Work to complete - Return exactly the run of lines that begins at the line containing "Answer yes or no. No. Is Orange" and ends at the last line of the material below; pictures stay out.

(Provided entries begins)

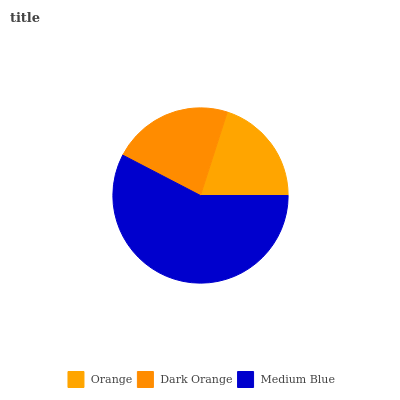Is Orange the minimum?
Answer yes or no. Yes. Is Medium Blue the maximum?
Answer yes or no. Yes. Is Dark Orange the minimum?
Answer yes or no. No. Is Dark Orange the maximum?
Answer yes or no. No. Is Dark Orange greater than Orange?
Answer yes or no. Yes. Is Orange less than Dark Orange?
Answer yes or no. Yes. Is Orange greater than Dark Orange?
Answer yes or no. No. Is Dark Orange less than Orange?
Answer yes or no. No. Is Dark Orange the high median?
Answer yes or no. Yes. Is Dark Orange the low median?
Answer yes or no. Yes. Is Orange the high median?
Answer yes or no. No. Is Orange the low median?
Answer yes or no. No. 
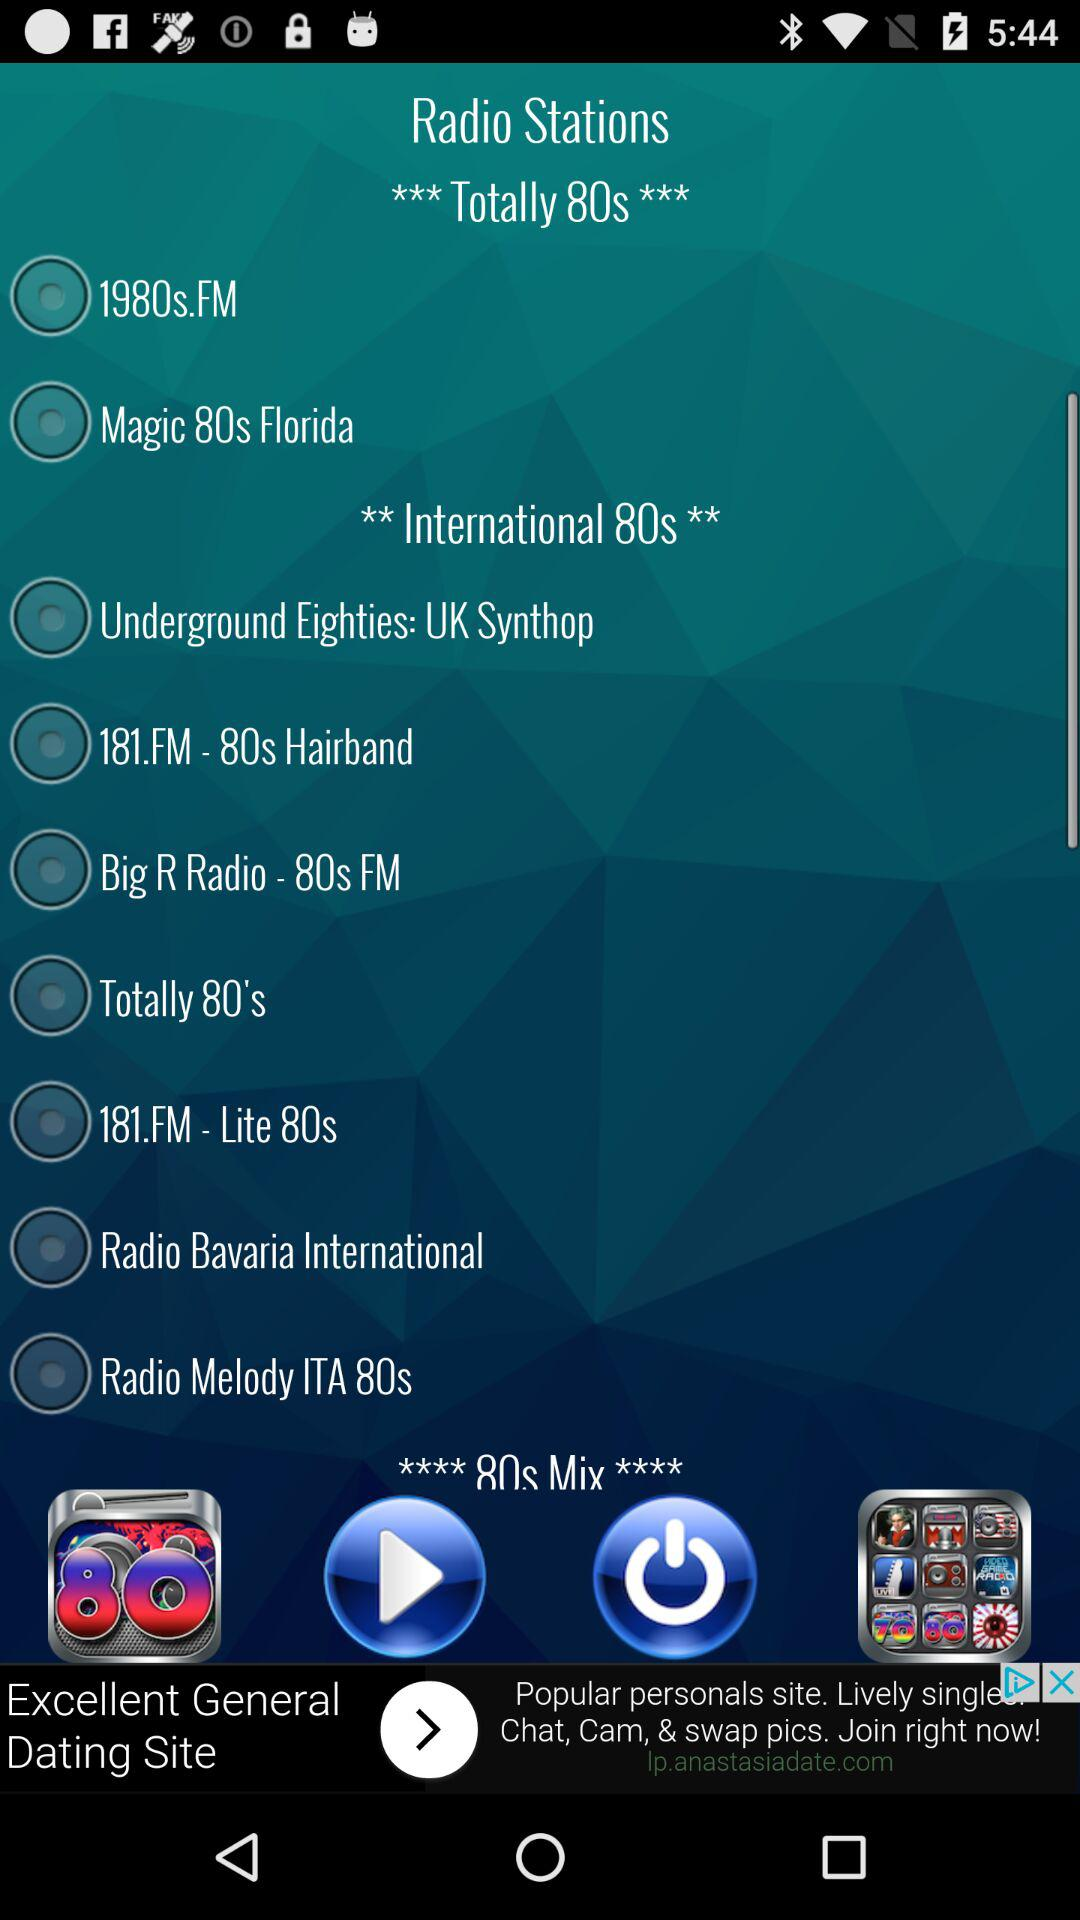What are the various international 80s radio stations? The various international 80s radio stations are "Underground Eighties: UK Synthop", "181.FM - 80s Hairband", "Big R Radio - 80s FM", "Totally 80's" and "181.FM - Lite 80s".

(Provided entries ends)

Written answer -
Answer yes or no. No. Is Orange the low median?
Answer yes or no. No. 
What are the various international 80s radio stations? The various international 80s radio stations are "Underground Eighties: UK Synthop", "181.FM - 80s Hairband", "Big R Radio - 80s FM", "Totally 80's" and "181.FM - Lite 80s".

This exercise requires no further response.